Penelitian terkini juga menekankan bahwa selain infrastruktur fisik dan pertumbuhan GDP, recovery paths di negara-negara pasca konflik sangat tergantung pada upaya pemulihan kelembagaan, rekonsiliasi sosial, dan kepercayaan publik. Misalnya proyek rehabilitasi sektor listrik di Suriah yang didanai oleh World Bank (USD 146 juta) baru-baru ini menunjukkan bahwa membangun kembali jaringan listrik bukan hanya soal instalasi fisik, tetapi juga soal kualitas institusi, regulasi, dan kapasitas lembaga lokal agar layanan menjadi andal dan merata. Teori pembangunan kontemporer menegaskan bahwa institutional quality dan governance capacity adalah mediator antara stabilitas dan output pembangunan tanpa institusi yang kuat, sektor kesehatan, pendidikan, dan pelayanan publik akan sulit pulih, dan investasi jangka panjang akan terhamba
Perdamaian Sebagai Investasi Jangka Panjang
Indonesia bukan pemain pasif dalam isu perdamaian dunia. Sejak 1957, melalui Pasukan Garuda, Indonesia telah mengirim lebih dari 43.000 personel militer dan polisi dalam misi perdamaian PBB di berbagai negara, mulai dari Kongo, Lebanon, Sudan Selatan, hingga Republik Afrika Tengah. Data PBB (2024) menempatkan Indonesia sebagai kontributor ke-8 terbesar pasukan penjaga perdamaian di dunia.

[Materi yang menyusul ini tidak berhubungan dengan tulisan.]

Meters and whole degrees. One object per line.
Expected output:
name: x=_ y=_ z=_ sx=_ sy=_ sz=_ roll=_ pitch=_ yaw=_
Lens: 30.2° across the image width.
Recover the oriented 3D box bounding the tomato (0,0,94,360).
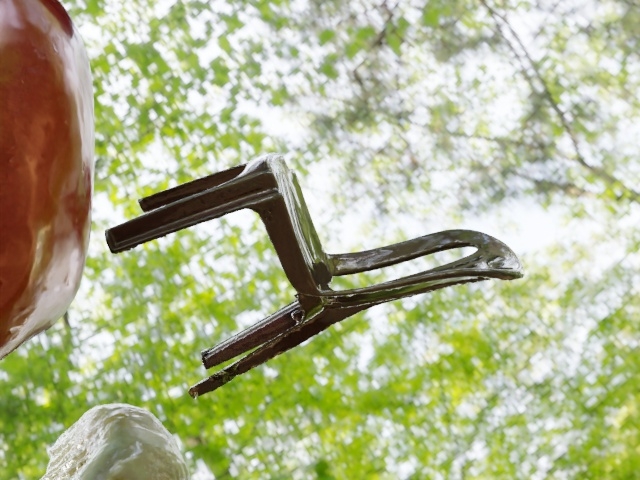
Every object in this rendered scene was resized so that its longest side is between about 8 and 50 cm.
tomato: x=-0.293 y=-0.047 z=0.819 sx=0.293 sy=0.325 sz=0.290 roll=-5 pitch=-67 yaw=2

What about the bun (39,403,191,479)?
bun: x=-0.296 y=0.406 z=1.604 sx=0.219 sy=0.365 sz=0.365 roll=32 pitch=-73 yaw=-15

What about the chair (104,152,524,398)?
chair: x=0.000 y=0.000 z=1.087 sx=0.326 sy=0.175 sz=0.183 roll=-22 pitch=-79 yaw=6
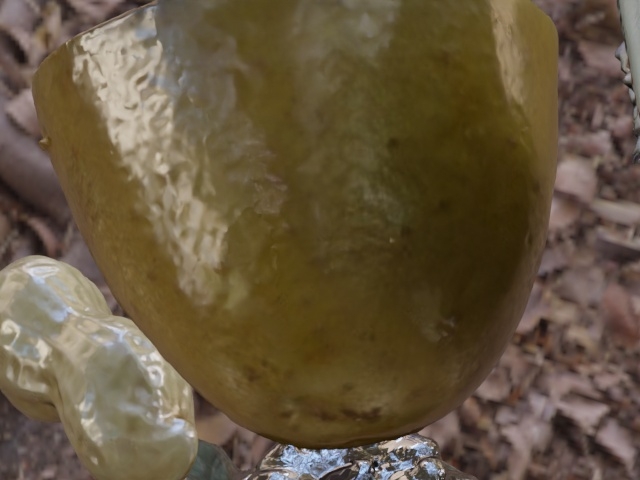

Diplomasi perdamaian Indonesia di forum internasional juga konsisten. Kehadiran Presiden Prabowo di Sidang Tahunan PBB mempertegas posisi Indonesia sebagai negara penengah dan juru damai, terutama di tengah rivalitas geopolitik global. Di hadapan forum dunia, Indonesia tidak hanya membawa pesan tentang keamanan, tetapi juga tentang pembangunan yang berkelanjutan. Perdamaian yang diperjuangkan Indonesia bukan perdamaian kosong, melainkan perdamaian yang membuka jalan bagi kesejahteraan dan keadilan global.
Menjaga perdamaian sering dipandang sebagai beban anggaran, padahal sesungguhnya ia adalah investasi jangka panjang. Menurut laporan Global Peace Index 2024, setiap negara yang meningkatkan indeks perdamaian sebesar 1 poin rata-rata mampu meningkatkan pertumbuhan PDB sebesar 2–3% dalam kurun lima tahun. Hal ini terjadi karena perdamaian menurunkan biaya pertahanan, memperkuat kepastian hukum, dan membuka arus investasi.
Indonesia memahami hal ini dengan baik. Anggaran diplomasi, pembangunan daerah perbatasan, dan program deradikalisasi yang dijalankan pemerintah bukanlah sekadar biaya, melainkan investasi agar generasi mendatang hidup dalam stabilitas. Inilah yang disebut sebagai peace dividend—keuntungan ekonomi dan sosial yang lahir dari terjaganya perdamaian. Dengan membangun peace dividend, Indonesia sedang menabung stabilitas yang akan menopang pembangunan jangka panjang.
Perdamaian Sebagai Jalan Bersama
Meski perdamaian dipuja, tantangan dunia kontemporer menunjukkan tren sebaliknya. Konflik Rusia-Ukraina masih berlangsung, ketegangan di Timur Tengah semakin kompleks, dan rivalitas Amerika Serikat–Tiongkok terus memanas. Semua ini berpotensi mengguncang rantai pasok global, memicu krisis pangan dan energi, serta memperlambat pencapaian SDGs.
Dalam situasi seperti ini, kehadiran Indonesia di forum global menjadi penting. Sebagai negara dengan ekonomi terbesar di Asia Tenggara dan anggota G20, suara Indonesia sering dianggap representasi kepentingan negara berkembang. Indonesia mampu menegaskan bahwa perdamaian bukan semata isu militer, melainkan fondasi untuk stabilitas ekonomi dunia.
Hari Perdamaian Internasional tahun ini mengingatkan kita bahwa perdamaian adalah jalan, bukan sekadar tujuan. Tanpa perdamaian, mustahil ada stabilitas. Tanpa stabilitas, mustahil ada pembangunan berkelanjutan.
Kehadiran Presiden Prabowo di Sidang PBB membawa pesan kuat bahwa Indonesia ingin berperan aktif dalam menciptakan dunia yang lebih aman dan berkeadilan. Dari New York, diplomasi Indonesia menyuarakan bahwa perdamaian adalah investasi terbaik untuk masa depan umat manusia. Dengan menegakkan perdamaian, Indonesia bukan hanya menjaga stabilitas domestik, tetapi juga ikut menyusun arsitektur dunia yang berlandaskan keamanan, kemakmuran, dan pembangunan berkelanjutan.